How does linear flow duration relate to well spacing in unconventional plays?

Linear flow duration is directly related to stimulated reservoir volume relative to well spacing — the key diagnostic for whether spacing is optimal, too tight (causing interference), or too wide (leaving undrained rock). Linear flow ends when the pressure transient reaches a no-flow boundary — the physical reservoir edge or the interference front from an adjacent well. Widely-spaced wells (660 ft+ in tight formations) may stay in linear flow for their entire economic life. Closely-spaced wells (250–330 ft) terminate linear flow early as interference from adjacent wells takes hold. End-of-linear-flow time scales as t_ETLF ∝ (x_f)² / k — in a 0.0001 md reservoir with 300 ft fracture half-length, ETLF may take 10–20 years; in a 0.01 md reservoir, 3–6 months.

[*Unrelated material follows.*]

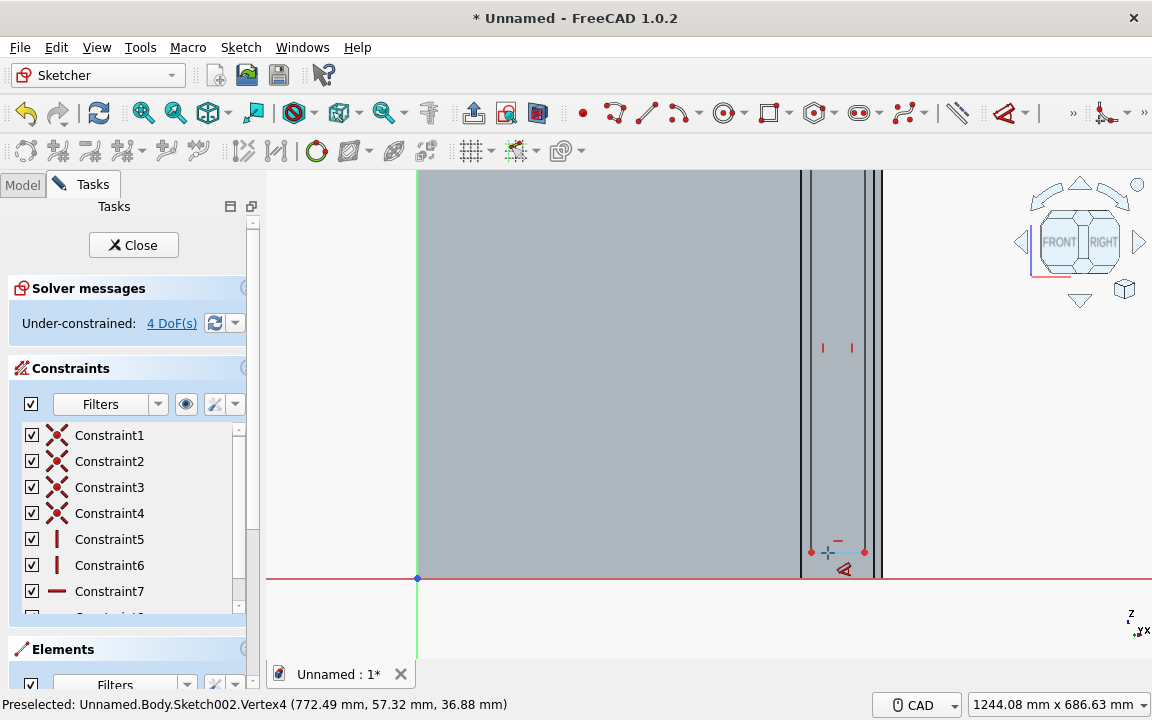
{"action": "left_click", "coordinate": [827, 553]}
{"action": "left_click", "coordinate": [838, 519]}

If all wells reach BDF within 2–3 years without overlapping drainage areas, spacing is too wide and infill wells can access undrained rock.

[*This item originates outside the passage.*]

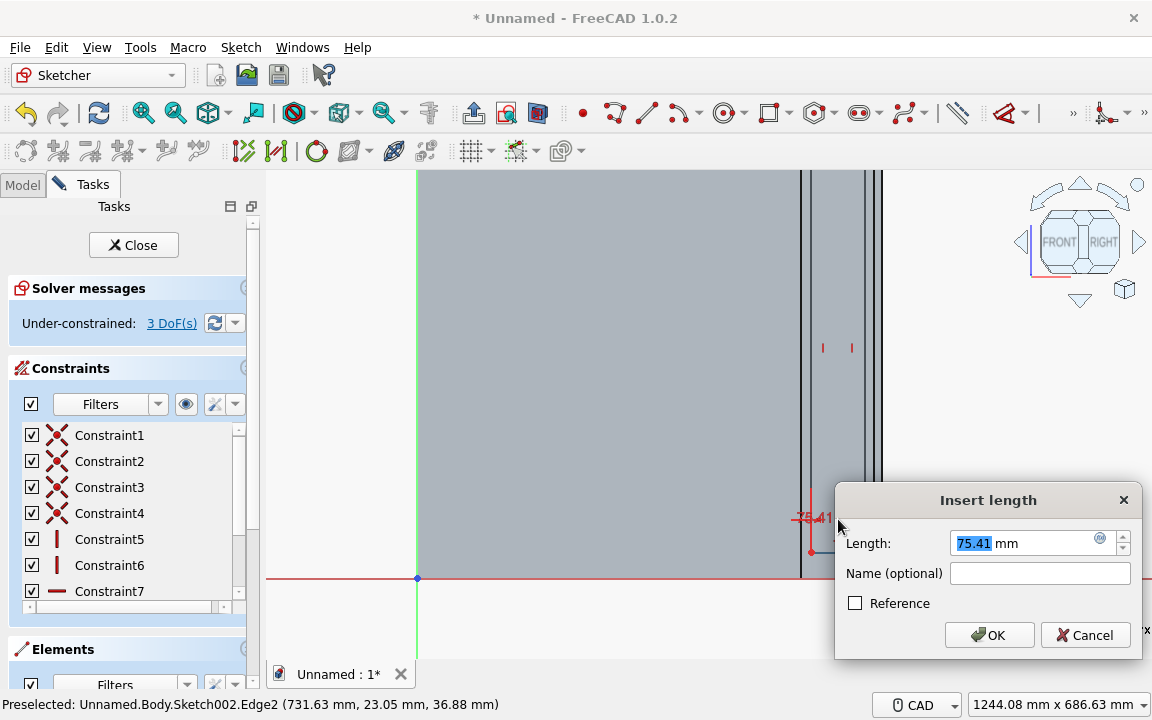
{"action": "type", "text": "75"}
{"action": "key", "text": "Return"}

Why Linear Flow Matters in Oil and Gas

Linear flow is the most commercially significant production mechanism in unconventional oil and gas development — it describes the fundamental mode by which hydraulically fractured tight rock delivers hydrocarbons to the wellbore during the majority of a well's producing life. Understanding linear flow is essential for every aspect of unconventional well performance analysis: estimating EUR from production data, calibrating fracture designs against actual performance, optimising well spacing to balance early-time performance against long-term recovery, and deciding whether infill drilling will access undrained rock or simply cannibalise production from existing wells. The Permian Basin, Marcellus Shale, Montney Formation, Eagle Ford, and Bakken — collectively responsible for millions of barrels per day of production — are all developed based on the economic logic of sustainable linear flow from hydraulically created fracture systems. The ability to diagnose linear flow correctly, measure its duration, and extract fracture parameters from the diagnostic plots separates high-performance operators from average performers in unconventional development — a difference that compounds across thousands of wells into billions of dollars of EUR difference at the portfolio level.